Ahsan/Setiawan against Boe/Mogensen
The top three Men’s Doubles seeds took their semi-final places without much trouble. Korea’s Lee Yong Dae/Yoo Yeon Seong (1) were comfortable all through in quelling Indonesia’s Kevin Sanjaya/Markus Fernaldi Gideon (21-16 21-11), while their semi-final opponents Chai Biao/Hong Wei (China) were similarly at ease against Malaysia’s Goh V Shem/Tan Wee Kiong. Denmark’s Mathias Boe/Carsten Mogensen (3) and defending champions Mohammad Ahsan/Hendra Setiawan (Indonesia, 2) will face off in the second semi-final.
Women’s Doubles saw a marathon all-Japan quarter-final between top seeds Misaki Matsutomo/Ayaka Takahashi and Naoko Fukuman/Kurumi Yonao.
At the end of 96 minutes of interminable rallies, Fukuman and Yonao sealed their place in the semi-finals beating Matsutomo/Takahashi 23-21 17-21 21-13. The Japanese take on defending champions Tian Qing/Zhao Yunlei (China), who prevailed over Denmark’s Christinna Pedersen/Kamilla Rytter Juhl 21-15 21-23 21-11.
China Open champions Tang Yuanting/Yu Yang continued with their impressive run of victories, beating Korea’s Chang Ye Na/Lee So Hee; they take on Indonesia’s Greysia Polii/Nitya Krishinda Maheswari (featured image).
Both Mixed Doubles semi-finals will feature China versus Korea contests.
Indonesia’s Praveen Jordan and Debby Susanto continued to chip away at defending champions Zhang Nan/Zhao Yunlei, coming to within a couple of points of upsetting them. Although the record now reads 7-0 for the Chinese, the Indonesians can take heart from a performance in which they matched their opponents shot for shot and blow for blow.

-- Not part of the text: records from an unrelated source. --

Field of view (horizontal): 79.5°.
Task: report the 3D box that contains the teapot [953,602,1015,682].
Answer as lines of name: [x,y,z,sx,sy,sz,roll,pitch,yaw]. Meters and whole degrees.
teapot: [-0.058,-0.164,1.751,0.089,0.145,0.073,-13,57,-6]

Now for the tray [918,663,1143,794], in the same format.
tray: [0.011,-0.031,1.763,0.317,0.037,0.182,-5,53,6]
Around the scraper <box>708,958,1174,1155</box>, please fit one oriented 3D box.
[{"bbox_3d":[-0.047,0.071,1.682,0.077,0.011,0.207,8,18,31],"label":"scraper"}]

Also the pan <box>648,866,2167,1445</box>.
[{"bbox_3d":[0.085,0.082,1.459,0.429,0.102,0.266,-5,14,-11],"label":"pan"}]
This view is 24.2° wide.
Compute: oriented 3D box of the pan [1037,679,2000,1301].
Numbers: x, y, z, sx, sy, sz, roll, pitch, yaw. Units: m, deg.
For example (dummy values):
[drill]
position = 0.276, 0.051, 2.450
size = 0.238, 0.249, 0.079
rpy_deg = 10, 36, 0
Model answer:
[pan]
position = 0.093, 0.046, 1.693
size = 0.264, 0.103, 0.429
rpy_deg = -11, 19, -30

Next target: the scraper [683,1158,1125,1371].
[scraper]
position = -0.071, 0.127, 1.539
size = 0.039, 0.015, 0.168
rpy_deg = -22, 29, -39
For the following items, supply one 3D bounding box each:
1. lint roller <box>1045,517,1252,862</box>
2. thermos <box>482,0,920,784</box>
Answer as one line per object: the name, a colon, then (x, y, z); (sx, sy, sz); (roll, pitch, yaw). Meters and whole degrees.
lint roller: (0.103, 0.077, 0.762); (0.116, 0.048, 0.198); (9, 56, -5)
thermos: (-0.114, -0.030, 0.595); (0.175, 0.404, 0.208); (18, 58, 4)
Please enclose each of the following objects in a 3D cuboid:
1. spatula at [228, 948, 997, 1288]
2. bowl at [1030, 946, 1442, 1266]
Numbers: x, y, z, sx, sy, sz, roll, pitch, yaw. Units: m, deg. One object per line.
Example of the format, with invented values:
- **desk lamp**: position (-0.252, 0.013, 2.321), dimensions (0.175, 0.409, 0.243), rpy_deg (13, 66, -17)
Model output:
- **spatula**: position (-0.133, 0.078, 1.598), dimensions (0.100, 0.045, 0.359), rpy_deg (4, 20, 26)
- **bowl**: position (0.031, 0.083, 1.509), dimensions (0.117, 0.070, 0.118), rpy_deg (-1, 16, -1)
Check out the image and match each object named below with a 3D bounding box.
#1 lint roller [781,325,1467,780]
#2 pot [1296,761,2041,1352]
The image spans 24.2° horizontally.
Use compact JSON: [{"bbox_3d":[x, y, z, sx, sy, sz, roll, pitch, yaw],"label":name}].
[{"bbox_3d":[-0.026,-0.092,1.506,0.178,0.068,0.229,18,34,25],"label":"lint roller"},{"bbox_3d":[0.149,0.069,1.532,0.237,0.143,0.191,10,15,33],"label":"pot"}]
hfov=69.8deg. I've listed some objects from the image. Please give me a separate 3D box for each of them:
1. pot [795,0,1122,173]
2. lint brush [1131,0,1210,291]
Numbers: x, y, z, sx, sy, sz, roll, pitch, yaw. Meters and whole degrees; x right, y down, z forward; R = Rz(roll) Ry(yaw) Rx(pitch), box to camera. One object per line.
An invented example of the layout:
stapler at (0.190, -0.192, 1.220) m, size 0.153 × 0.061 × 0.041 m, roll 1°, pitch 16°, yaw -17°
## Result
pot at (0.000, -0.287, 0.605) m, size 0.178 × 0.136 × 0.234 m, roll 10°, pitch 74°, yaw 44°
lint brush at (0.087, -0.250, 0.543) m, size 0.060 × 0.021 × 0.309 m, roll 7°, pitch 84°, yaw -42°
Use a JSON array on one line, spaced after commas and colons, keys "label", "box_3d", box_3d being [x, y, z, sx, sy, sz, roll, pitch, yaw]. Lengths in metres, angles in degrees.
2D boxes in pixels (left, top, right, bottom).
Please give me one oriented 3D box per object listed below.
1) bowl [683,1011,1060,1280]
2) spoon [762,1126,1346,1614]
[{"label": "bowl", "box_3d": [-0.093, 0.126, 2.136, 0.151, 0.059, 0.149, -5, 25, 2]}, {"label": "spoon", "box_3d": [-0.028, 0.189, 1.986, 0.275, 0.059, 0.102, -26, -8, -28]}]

It was even all the way. The Indonesians did little wrong – Jordan smashed powerfully to breach the defences of Zhang and Zhao, while Susanto repelled everything that Zhang Nan fired her way. Eventually, it would be a missed kill at the net by Jordan that proved costly for the Indonesians. Zhang/Zhao needed just one match point to seal their place in the semi-finals.
Zhang/Zhao face Yoo Yeon Seong/Chang Ye Na, who prevailed over China’s Xu Chen/Ma Jin, while in the other semi-final, Liu Cheng/Bao Yixin face Shin Baek Choel/Chae Yoo Jung.
Liu/Bao overcome some stiff resistance from Korea’s Ko Sung Hyun/Kim Ha Na, winners of Superseries in Denmark and Korea. The second game was tightly fought, but the Chinese always had the edge with Bao defending splendidly and Liu pouring on the pressure with his smashes. A couple of mistakes from the Koreans in the second game was all it took for the Chinese to emerge winners: 21-8 21-18.